**Required work:** Reproduce nothing but the closing run of lines: the line with "HFOV = 84.8 degrees." and each line that follows it to the end of the data.

━━ Given material

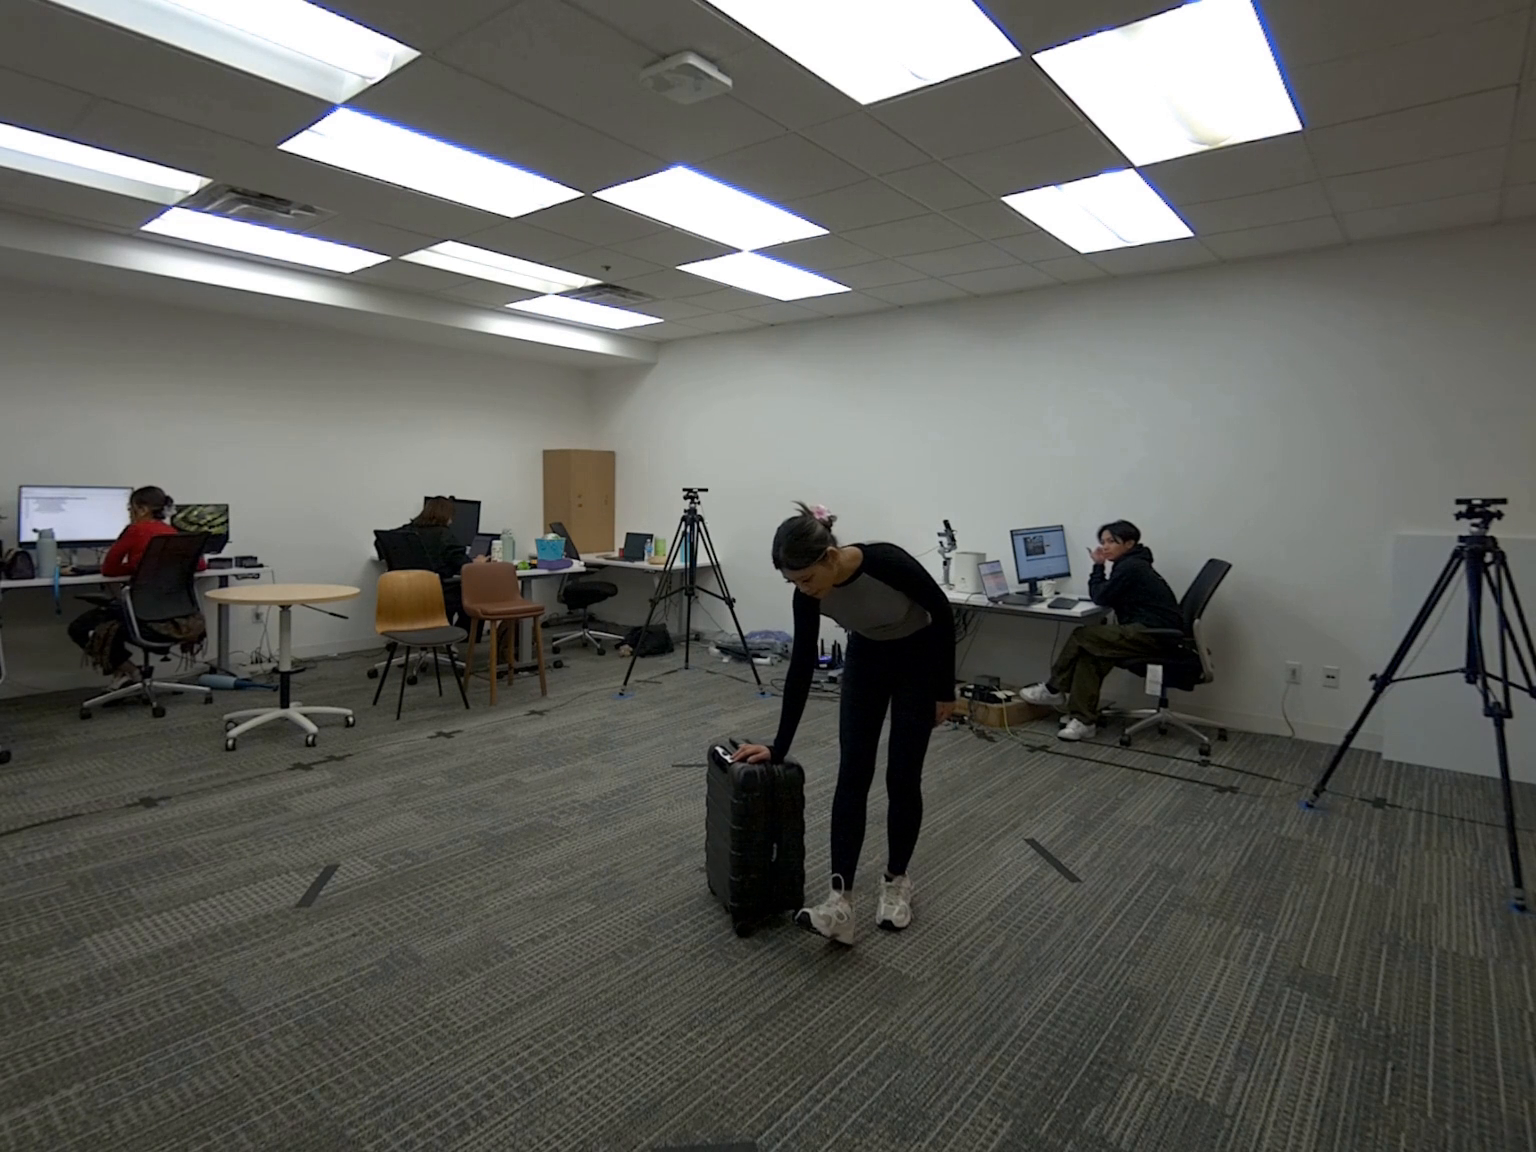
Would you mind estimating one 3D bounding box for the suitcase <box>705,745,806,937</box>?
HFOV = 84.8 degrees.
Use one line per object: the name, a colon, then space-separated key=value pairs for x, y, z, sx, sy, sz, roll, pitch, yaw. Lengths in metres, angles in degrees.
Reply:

━━━━

**Response:**
HFOV = 84.8 degrees.
Use one line per object: the name, a colon, then space-separated key=value pairs for x, y, z, sx, sy, sz, roll, pitch, yaw. Lengths in metres, angles in degrees.
Reply:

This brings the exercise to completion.